Tenter de (se) comprendre sans jamais y arriver,
Essayer d'éviter l'inévitable,
Profiter d'un temps qui nous est compté.
Ecrire, c'est aimer.

Il me faut donc écrire. Aujourd'hui. Parce qu'hier.

Hier, face au silence, j'aurais écrit : le Dragon est mort. Parce qu'il fallait bien me sauver. Parce que je cherchais au fond de moi cette colère, petite et première porte de l'oubli.

Je n'y arrivais pas mais j'essayais.

Aujourd'hui, la réalité a écrit : le Dragon a disparu. Et je suis triste. Perdre un ami est parait-il l'une des plus terribles douleurs psychologiques qu'il soit donné à un être humain de vivre.

J'ai perdu un ami. Le grand frère que je m'étais choisi et il me manque ce bout de moi. Je suis comme un poilu sans son bout de lui arraché par l'obus, qui a mal à ce bout de lui qui n'est plus, qu'il n'a plus.

Je pourrais en écrire dix pages mais cela ne dirait rien de plus : le Dragon a disparu. Et je suis triste.

Ecrire, c'est libérateur ? Là, tout de suite, non. Finalement.

Ecrire, c'est aimer.

J'écris donc : j'ai aimé. D'une amitié tendre et sans borne. Sans limite. Sans m'imposer de limites. C'était bien, c'était mal. Peu importe puisque c'était. Sincère. Doux. Profond.

J'écris aussi : ai-je été aimée ? Qui sait.

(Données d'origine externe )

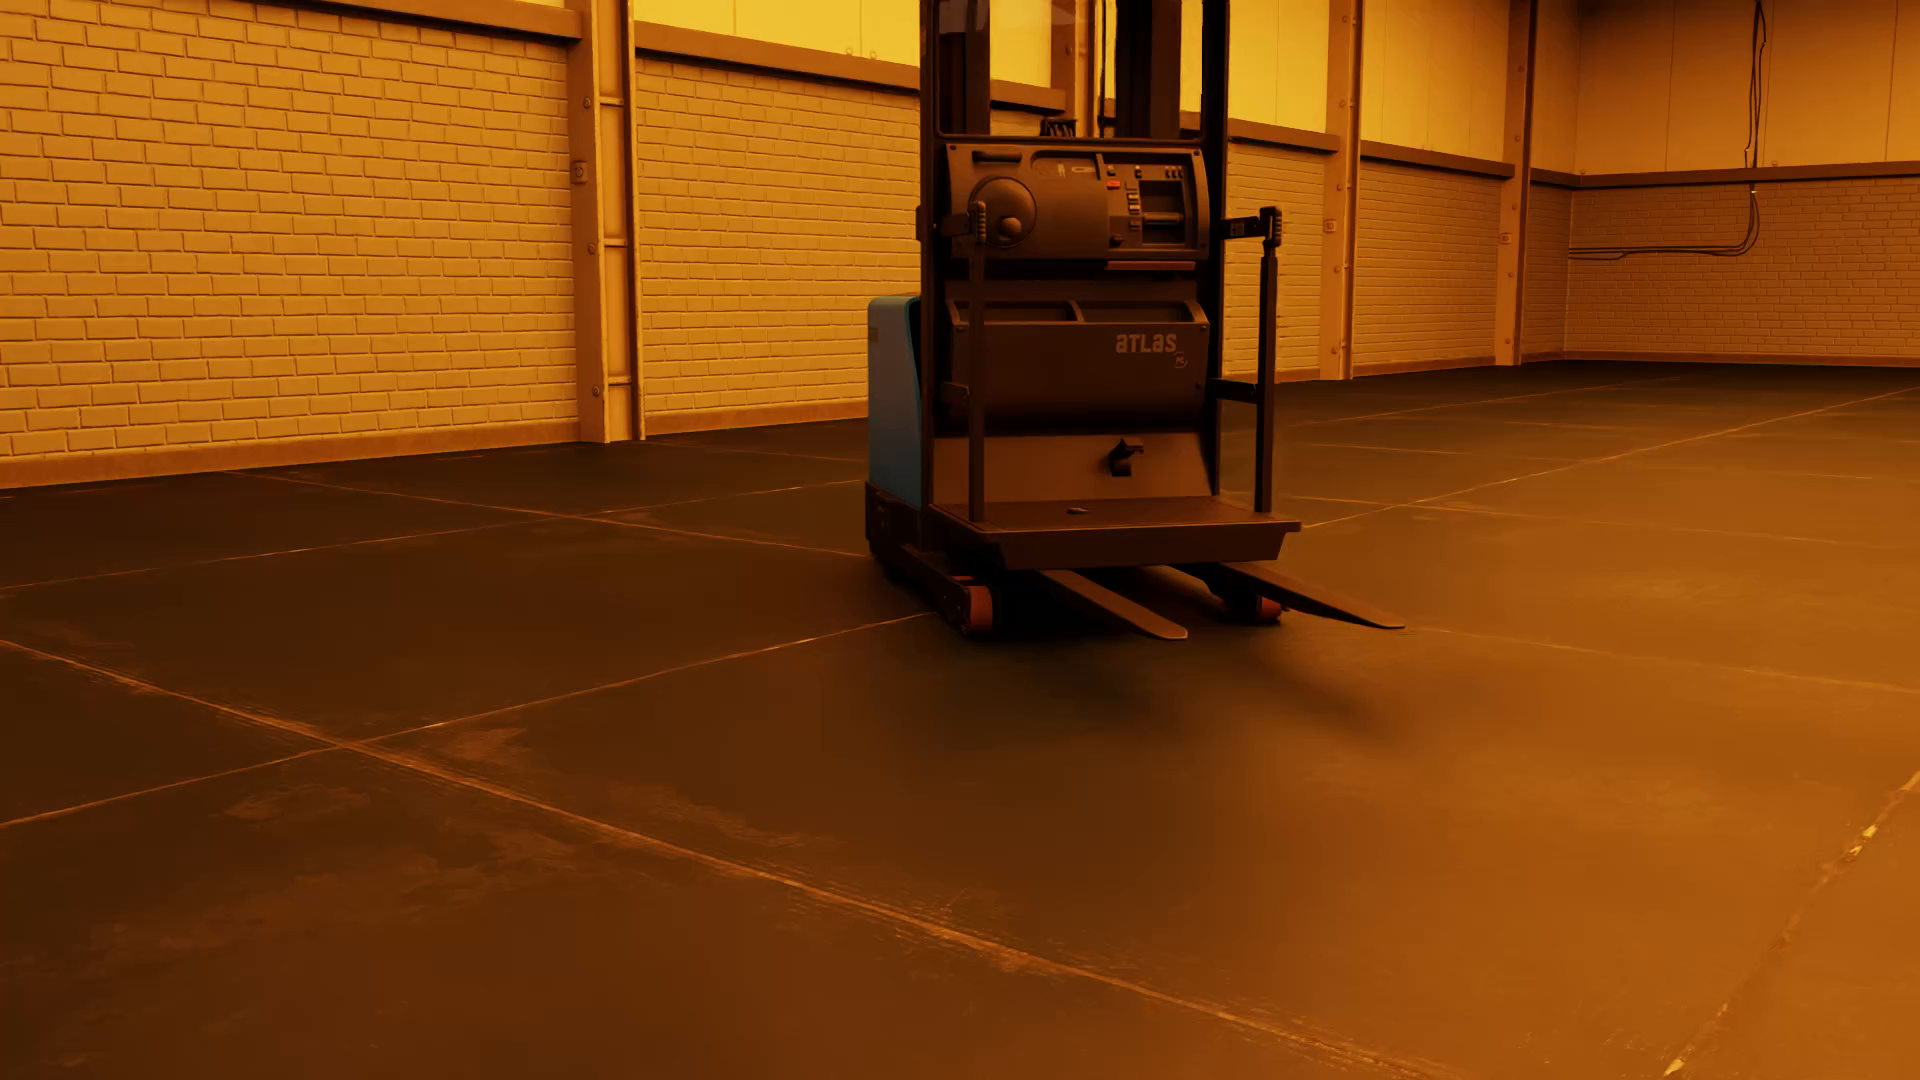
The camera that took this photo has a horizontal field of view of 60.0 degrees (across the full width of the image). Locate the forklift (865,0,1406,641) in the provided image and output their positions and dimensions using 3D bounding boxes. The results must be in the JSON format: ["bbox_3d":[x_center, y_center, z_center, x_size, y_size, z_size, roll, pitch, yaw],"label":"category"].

Finalement.

Quelques clichés récents


Orchidées en masque


Coucher de soleil de février sur Biscarrosse


Après les tempêtes et les terribles froids des années précédentes, les mimosas sont de nouveau, cette année, magnifiques


Plage des Ecureuils


Devinez à quelle race j'appartiens ?

C' est qu'il écrit bien le bougre !

Il y a quelques semaines, allant faire un tour de la devanture à l'ancienne de la librairie générale qui jadis m'apprit à lire, m'apprit à aimer lire devrai-je dire, après que l'école m'en eut dégoûté (vive l'éducation nationale !), je fus attirée par la photo de couverture d'un bouquin exposant un jeune homme style années 20 ou 30 qui ressemblait étrangement à mon grand-père paternel, en moins beau tout de même… Quelle ne fut pas ma surprise en découvrant qu'il s'agissait là de la couverture du tout nouveau roman de Philippe Besson (merci Philippe de tenir aussi bien à jour votre site officiel, non mais !) : "Retour parmi les hommes".

Que dire de cet ouvrage ? Que tous ceux qui ont aimé, adoré, le premier roman du brun aux lunettes cerclées de noir se précipitent. Ils retrouveront avec plaisir le jeune Vincent de l'Etoile, héros d'"En l'absence des hommes", qu'ils avaient laissé, il y a dix ans, brisé par la mort d'Arthur, son amant de sept jours et Marcel, son ami écrivain.

Que dire de cet ouvrage ? L'écriture de Besson est toujours un délice, n'en déplaise aux
grincheux ! Aux premières lignes, on retrouve le plaisir de ses mots. Son écriture fluide, sucrée, comme le suc subtil des sucettes au miel de notre enfance. Un truc qui coule, qui glisse, qui colle et dont on se délecte avec avidité et sans lassitude ! Oups ! Ce qui m'a marquée, c'est aussi l'intensité de ce roman, la puissance des mots, une progression de ligne en ligne, de chapitre en chapitre jusqu'au dénouement. Tragique mais plein d'espoir. Finalement. Espoir pour Vincent. Espoir plus égoïste de la lectrice que je suis de retrouver un jour encore, une nouvelle fois, Vincent, croqué par Besson.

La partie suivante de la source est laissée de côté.